It is hard to believe that school is starting in just a few short days. It seems like the summer has flown by and that it was just the 4th of July! Over the last couple of weeks I have had the privilege of working with many athletes, both individuals and whole teams. Kids and coaches that are interested in learning how to best fuel their bodies for peak performance both in the classroom and on the fields.
One of the most common questions that I get from the kids is what to eat in the morning when time is short. Those of us with teens know the drill. Getting them up and out the door can be a feat in itself, getting food into them can be a bonus. To help with this concern, I have pulled together a bunch of quick, easy and portable breakfast ideas that may make this transition back to school a little smoother.
WHY BREAKFAST?
We have all heard the old saying that breakfast is the most important meal of the day. But what does this really mean? Breakfast "breaks" the overnight fasting period, jumpstarts the athletes metabolism (calorie burning engine) and most importantly kicks the appetite stimulating hormones into gear so that they can alert you to eat during the day.
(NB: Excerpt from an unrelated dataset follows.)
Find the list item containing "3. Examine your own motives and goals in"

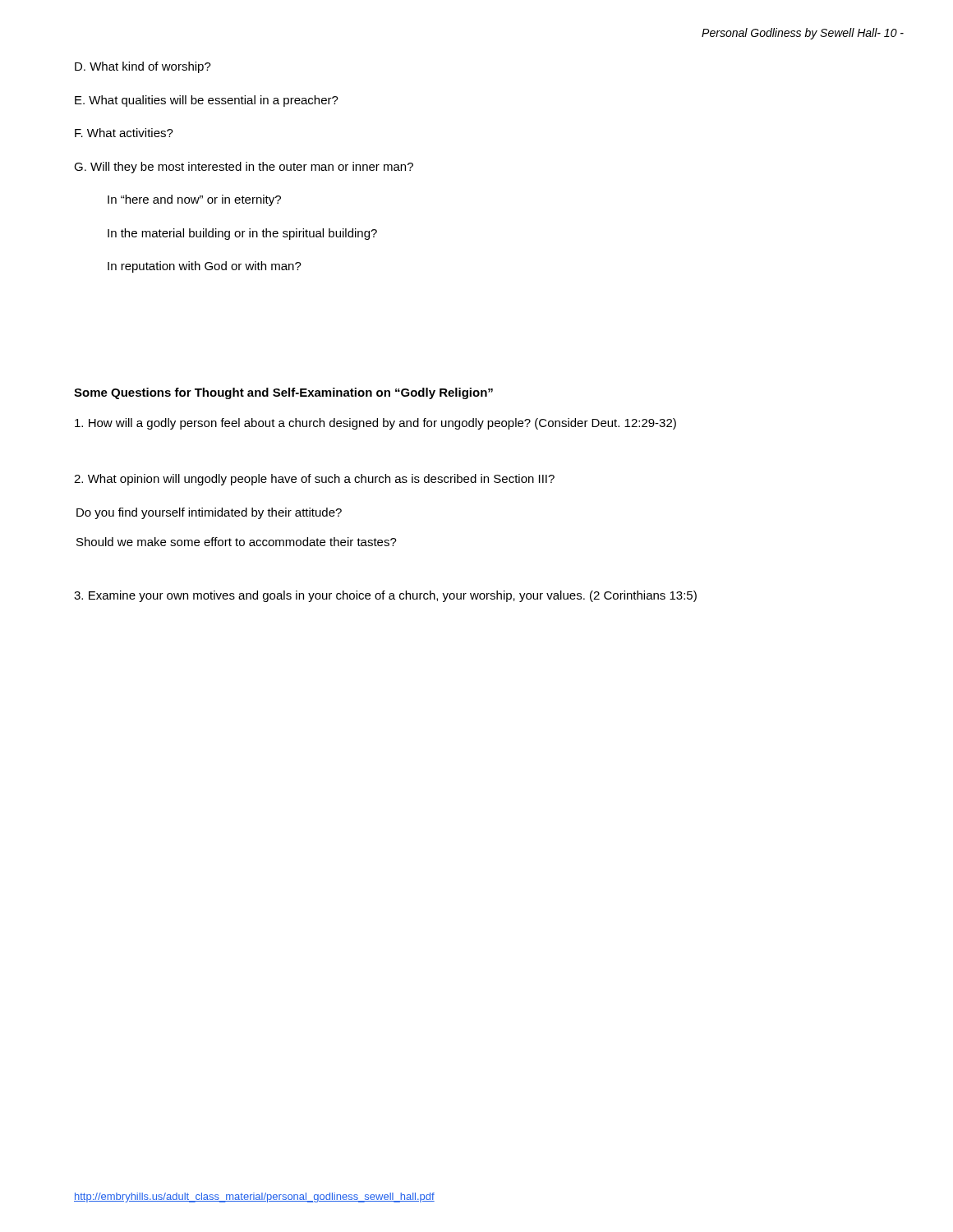pos(386,595)

In order to get the most out of workouts and compete at a high level, athletes have to properly fuel the body ALL day long.
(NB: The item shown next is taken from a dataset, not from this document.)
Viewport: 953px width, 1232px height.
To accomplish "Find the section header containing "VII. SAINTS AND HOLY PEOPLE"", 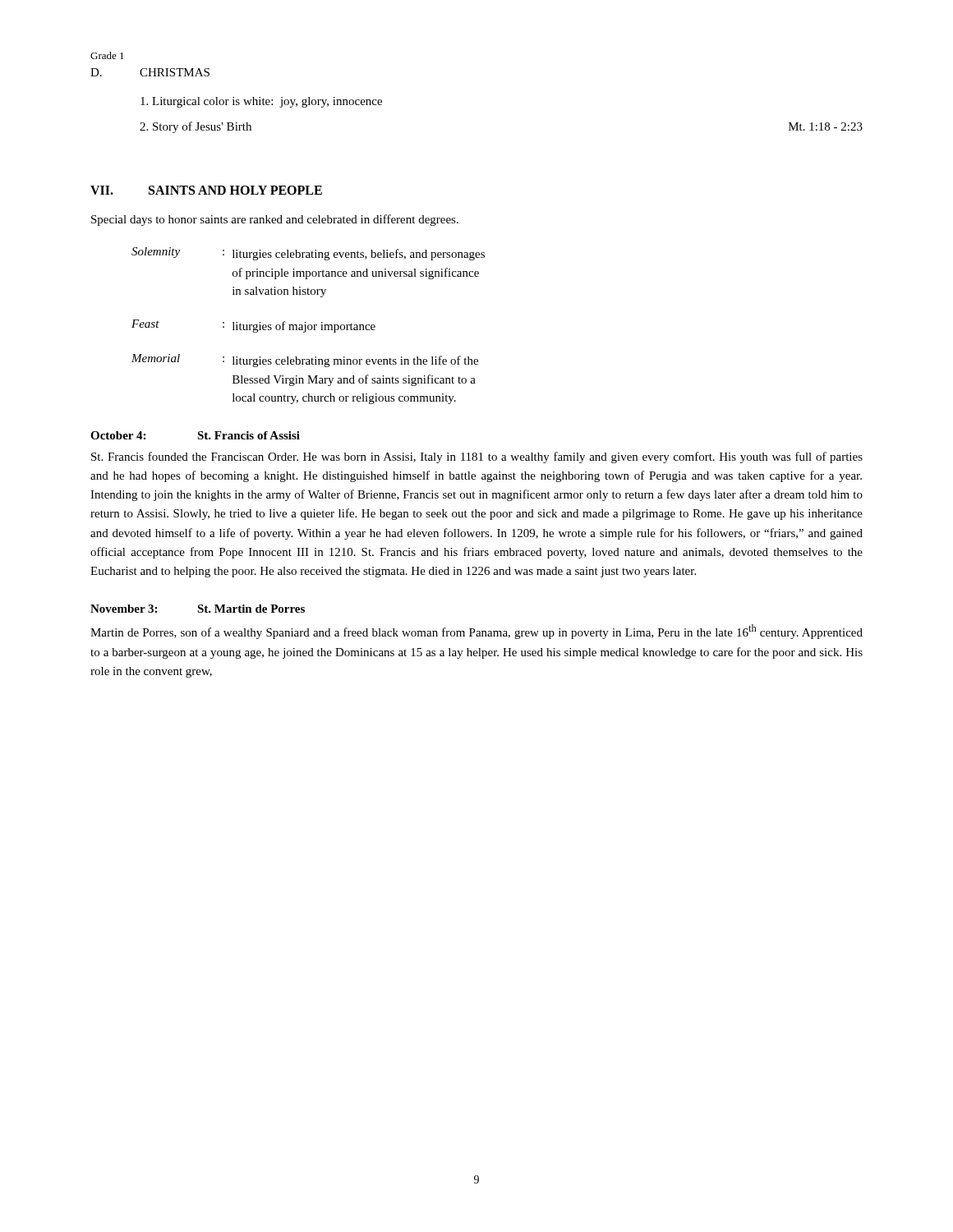I will point(206,191).

To Get the Most Out of Your Training you have to Consider FOOD as PART of Your Training
Quick, Easy and Portable Breakfast Ideas that can be Eaten in the Car or on the Bus
Frozen whole grain waffles with peanut butter and fruit
Rice Cake with Peanut Butter and Berries
2 Hard Boiled Eggs and Calcium Fortified OJ
Yogurt and Granola
Greek Yogurt Squeeze Tubes or Smoothie and Fruit
Individual Peanut Butter Packets with sliced fruit and crackers
Trail Mix - Nuts, Dried Fruit and Cereal
Yogurt and Fruit
Bagel and peanut butter or cream cheese and a carton of milk
Peanut butter and jelly sandwich and OJ
Leftovers from Dinner
Granola Bar and a Cheese Stick
(Some of my favorite granola bars: Cliff, Cliff Whey, Luna, Luna Protein, RX, Balance, Zone and Detour Smart Bars. Look for a bar that provides at least 8 grams or more of protein)
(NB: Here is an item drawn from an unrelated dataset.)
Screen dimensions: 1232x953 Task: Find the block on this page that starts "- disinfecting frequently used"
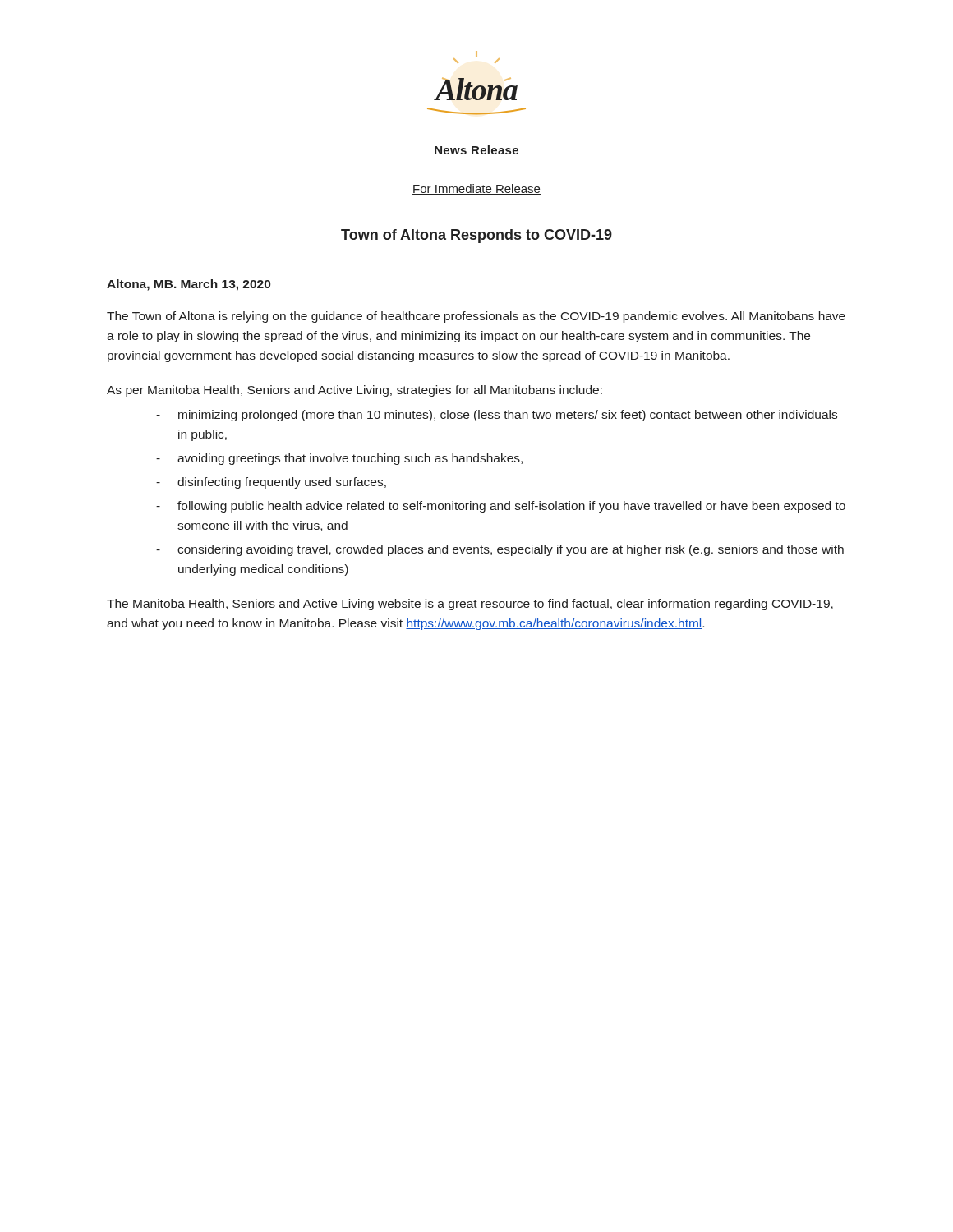(271, 483)

In addition to being quick and easy, these snacks also provide PROTEIN. Protein will help keep them full and continue to help tired muscles recover and get ready for the next practice, race or game.
Encourage your student athletes to pack an additional snack to have mid morning. This before lunch fuel will directly impact their concentration in the classroom and also help stabilize blood sugar to help maintain energy later in the day.